Would a privately-owned Tesla be better off?

Tesla CEO Elon Musk’s tweet last week that he was considering taking the company private raises the question: Do public markets, with the huge amount of capital they provide to new mobility companies, hurt or help those operations?

The stock markets detract from the day-to-day work at Tesla, Musk admitted. “This is all about creating the environment for Tesla to operate best,” he wrote in an email to employees that was later posted on the company’s blog. “As a public company, we are subject to wild swings in our stock price that can be a major distraction for everyone working at Tesla.”

At first glance, Musk’s dissatisfaction with public markets that have been extremely kind to Tesla seems surprising.
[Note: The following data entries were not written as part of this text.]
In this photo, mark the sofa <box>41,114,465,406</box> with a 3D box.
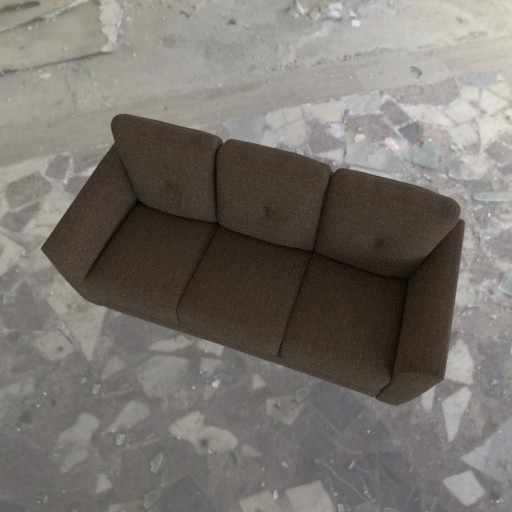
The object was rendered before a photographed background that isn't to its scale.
[{"bbox_3d":[0.000,0.000,2.234,1.847,0.891,0.837,17,60,10],"label":"sofa"}]
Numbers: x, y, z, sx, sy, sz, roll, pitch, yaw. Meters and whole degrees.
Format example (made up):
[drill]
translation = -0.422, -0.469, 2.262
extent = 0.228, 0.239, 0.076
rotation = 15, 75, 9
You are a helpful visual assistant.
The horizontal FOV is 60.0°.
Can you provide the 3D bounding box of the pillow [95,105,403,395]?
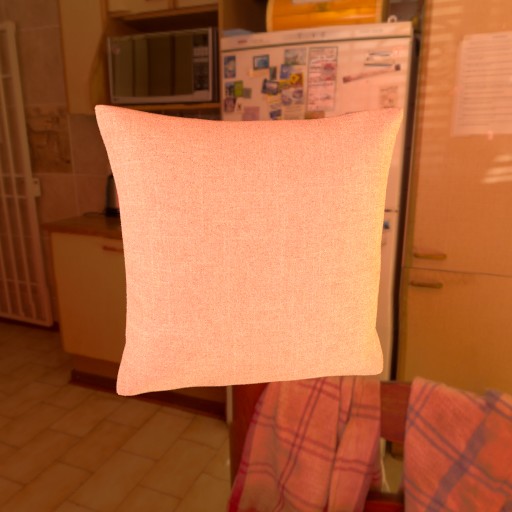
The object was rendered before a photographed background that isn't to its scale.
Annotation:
[pillow]
translation = 0.000, 0.000, 0.665
extent = 0.435, 0.428, 0.148
rotation = -2, 14, -9
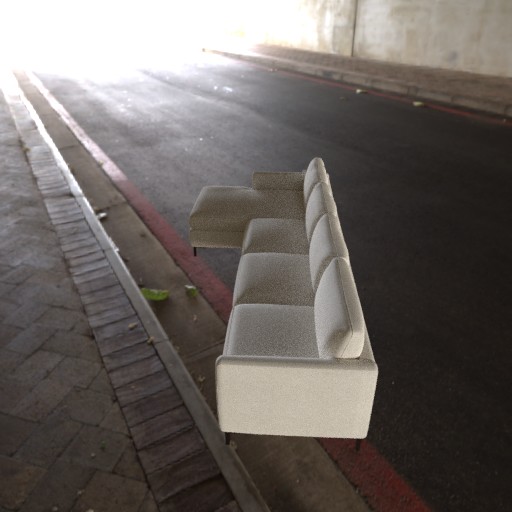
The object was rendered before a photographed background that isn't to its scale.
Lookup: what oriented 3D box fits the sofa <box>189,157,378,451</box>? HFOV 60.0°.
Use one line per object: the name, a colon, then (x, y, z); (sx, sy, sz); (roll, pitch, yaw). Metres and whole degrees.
sofa: (0.000, 0.000, 3.794); (1.467, 0.875, 3.186); (2, 30, 3)
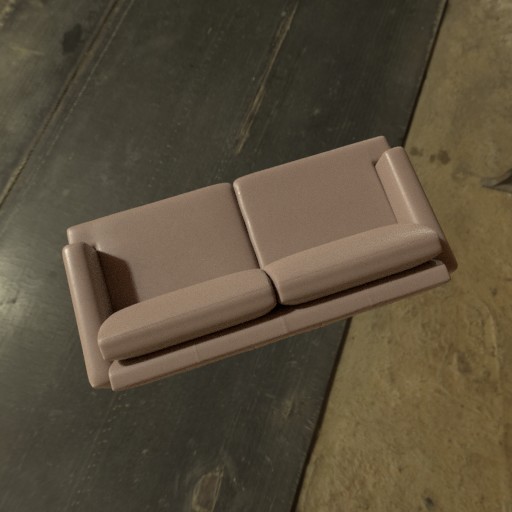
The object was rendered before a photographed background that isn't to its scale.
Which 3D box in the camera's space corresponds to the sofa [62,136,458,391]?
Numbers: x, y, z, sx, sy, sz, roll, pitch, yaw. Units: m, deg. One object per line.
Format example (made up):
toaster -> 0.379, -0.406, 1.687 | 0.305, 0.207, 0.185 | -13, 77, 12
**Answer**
sofa -> 0.000, 0.000, 2.417 | 1.940, 0.765, 0.974 | -17, 75, -5

With a market valuation that has grown to rival and sometimes surpass much bigger automakers whose production volume and profits eclipse its own, Tesla has benefited enormously from Musk’s ability to inspire public market investors.
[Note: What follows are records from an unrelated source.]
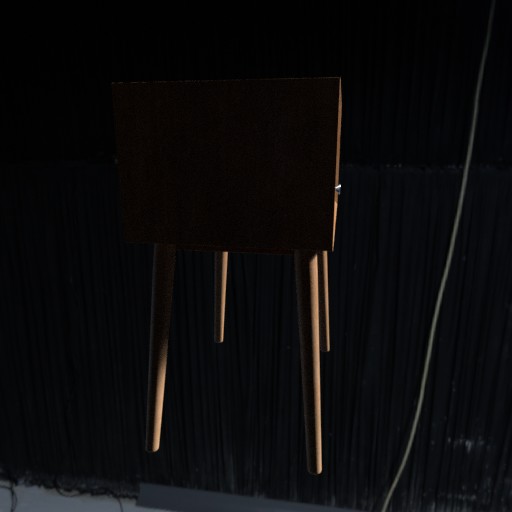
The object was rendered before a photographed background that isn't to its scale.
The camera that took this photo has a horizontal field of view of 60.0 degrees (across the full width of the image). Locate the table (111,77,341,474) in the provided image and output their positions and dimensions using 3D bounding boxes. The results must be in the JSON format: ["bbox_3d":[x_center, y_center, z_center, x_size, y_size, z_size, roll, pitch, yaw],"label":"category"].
[{"bbox_3d":[0.000,0.000,0.854,0.307,0.580,0.454,3,15,10],"label":"table"}]
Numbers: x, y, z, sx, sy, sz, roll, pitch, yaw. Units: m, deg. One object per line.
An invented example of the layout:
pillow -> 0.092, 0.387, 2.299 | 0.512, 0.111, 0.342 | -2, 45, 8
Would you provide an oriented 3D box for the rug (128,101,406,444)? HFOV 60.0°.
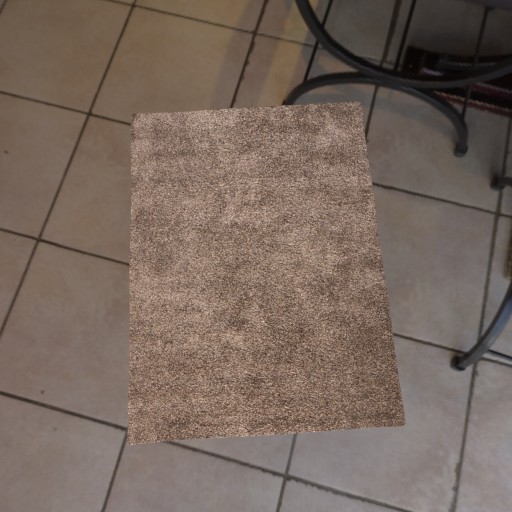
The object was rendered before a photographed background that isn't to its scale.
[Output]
rug -> 0.000, 0.000, 2.114 | 1.198, 0.025, 1.601 | -3, 75, -1

Musk: Master of market hype Photo credit: REUTERS

But Bloomberg reported last week that a Securities and Exchange Commission inquiry into Tesla is not just about whether Musk should have used Twitter to announce the going-private proposition. It also seeks “general information about Tesla’s public pronouncements on manufacturing goals and sales targets,” signaling that Musk’s mastery of stock market hype may have gone too far.

Once a vision of the future has been sold to markets, it can take on a life of its own. The stock market doesn’t have the patience to weather the inevitable ups and downs that come with disruptive technologies, particularly from companies such as Tesla that are trying to upend the highly cyclical auto industry while relying on regular capital infusions to stay afloat. The dual risks of markets losing confidence in Musk’s ability to deliver on his daring goals and a broader macroeconomic downturn — the “force majeure” that Musk may have been alluding to in Tesla’s second-quarter earnings call — could be inspiring Tesla’s flight to the relative safety of private ownership.

To established automakers, Musk’s predicament likely comes across as overdue karmic retribution. The industry has struggled to inspire the optimism that Musk has built around Tesla. But they are steeped in the art of surviving the lean years of regular economic downturns. If investors are indeed re-evaluating the potential of companies such as Tesla to significantly impact the car business, execs at established companies may be finding their frustration turning to relief.

They may not have maximized their share prices during one of the strongest bull markets in recent memory, but they face less of a fall from grace.